Cornelius Gallagher Vice President, Food & Beverage Operations, Celebrity Cruises

As the Vice President of Food and Beverage operations at Celebrity Cruises, my role oversees over 350 restaurants and bars globally and I have the privilege of leading a team of over 7,000 amazing culinary, service and bar hospitality professionals. At Celebrity, food and beverage is our strongest brand pillar and we work diligently to grow our position as the single most awarded Food and Beverage team in the cruise industry.

I joined our company 8 ½ years ago, and I can tell you that my days are never boring! Over the past year, like many of us, I have had to wear 2 hats. I've been responsible for overseeing all aspects of a group of our ships being re-introduced into service. It's been a remarkable experience and has encompassed government relations, port operations, vaccines, guest and crew testing, mobilization, contact tracing, logistics, IT, security, guest communications and onboard operations. However, for the intent and purpose of this article, I'll speak specifically to my oversight of the Food and Beverage department.

How do food and beverage operations at Celebrity differ from operations in a typical high-end hotel or restaurant you might ask? The answer is, there are more similarities than there are differences and at the end of the day we are not in the cruise business….we are in the hospitality business. The people business.
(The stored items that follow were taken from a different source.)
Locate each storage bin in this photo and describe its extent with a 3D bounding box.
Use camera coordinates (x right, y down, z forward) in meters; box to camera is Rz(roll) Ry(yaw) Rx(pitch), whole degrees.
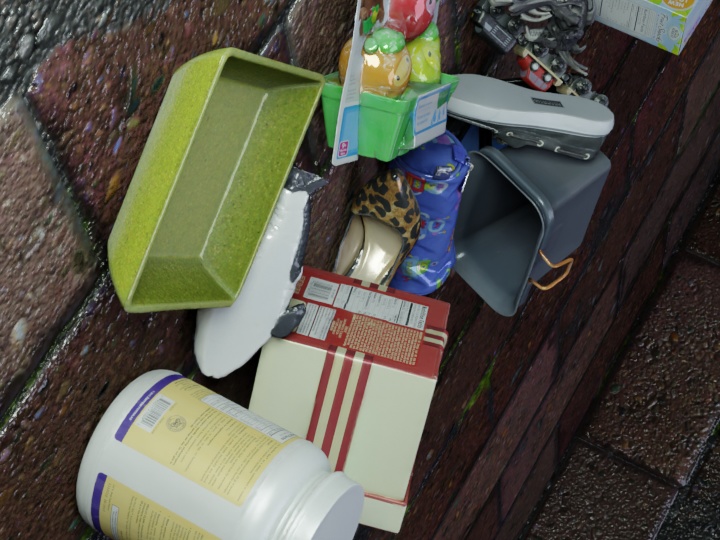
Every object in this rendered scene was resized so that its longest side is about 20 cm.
[{"bbox_3d":[0.195,-0.062,1.875,0.134,0.146,0.201,-32,155,-27],"label":"storage bin"}]

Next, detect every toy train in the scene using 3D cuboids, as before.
[{"bbox_3d":[0.189,-0.213,1.793,0.046,0.200,0.034,-52,-156,1],"label":"toy train"}]

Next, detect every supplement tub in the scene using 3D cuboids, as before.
[{"bbox_3d":[-0.112,0.182,1.375,0.146,0.199,0.146,-54,160,-30],"label":"supplement tub"}]

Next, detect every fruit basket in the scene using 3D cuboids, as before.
[{"bbox_3d":[0.037,-0.200,1.474,0.185,0.093,0.201,-30,138,-61],"label":"fruit basket"}]

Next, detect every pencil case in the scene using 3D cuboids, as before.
[{"bbox_3d":[0.065,-0.061,1.755,0.201,0.086,0.078,96,4,-49],"label":"pencil case"}]

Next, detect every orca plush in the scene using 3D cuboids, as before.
[{"bbox_3d":[-0.097,-0.011,1.430,0.104,0.071,0.201,1,118,-21],"label":"orca plush"}]

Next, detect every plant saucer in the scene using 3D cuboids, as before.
[{"bbox_3d":[-0.115,-0.071,1.277,0.201,0.048,0.200,-68,162,8],"label":"plant saucer"}]

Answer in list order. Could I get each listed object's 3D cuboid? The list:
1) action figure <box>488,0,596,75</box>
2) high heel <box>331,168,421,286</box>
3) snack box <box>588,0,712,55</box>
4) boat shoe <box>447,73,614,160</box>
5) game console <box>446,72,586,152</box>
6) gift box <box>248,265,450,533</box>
[{"bbox_3d":[0.185,-0.296,1.727,0.119,0.101,0.202,-45,130,-68],"label":"action figure"},{"bbox_3d":[0.000,0.000,1.660,0.143,0.071,0.200,-60,172,-35],"label":"high heel"},{"bbox_3d":[0.291,-0.343,1.836,0.169,0.199,0.068,-54,160,-27],"label":"snack box"},{"bbox_3d":[0.166,-0.154,1.769,0.069,0.198,0.057,-102,-155,-54],"label":"boat shoe"},{"bbox_3d":[0.160,-0.119,1.898,0.176,0.116,0.200,-57,161,-24],"label":"game console"},{"bbox_3d":[-0.031,0.117,1.569,0.185,0.199,0.188,-62,166,-65],"label":"gift box"}]

The business of creating long lasting memories and world class pleasurable experiences.

Business Strategy

On the F&B team, our primary focus is the business. We work with the finance and the accounting teams to ensure that our revenues and costs are properly forecasted, and that the targets we create are aggressive yet achievable. We partner with our analytics teams to calculate and set expectations for our guest net promoter scores (NPS), and use the subsequent data derived from these results to refine our future targets. We partner with our marketing and sales teams to ensure we are telling our brand story in a bold and meaningful way, and that we keep our guests updated on what's new and exciting onboard.

We work with our global human resources department on our recruiting efforts, retention, scheduling and training. We also collaborate with our ticket revenue team, to understand who our guests are, where they are from, their age, level of affluence and most importantly, what their preferences are.


We are also creators. We recently launched the "Edge" class of ships, each featuring 29 unique restaurant and bar concepts which are brand new and can't be found anywhere else in our fleet. The initial conceptualization and concept briefs for each of these new venues began in the Food and Beverage department. We then partnered with the design team to take these ideas to all new heights, and to elevate and execute on the vision. The result of our collective effort is the most "in demand" collection of restaurants and bars anywhere in our fleet.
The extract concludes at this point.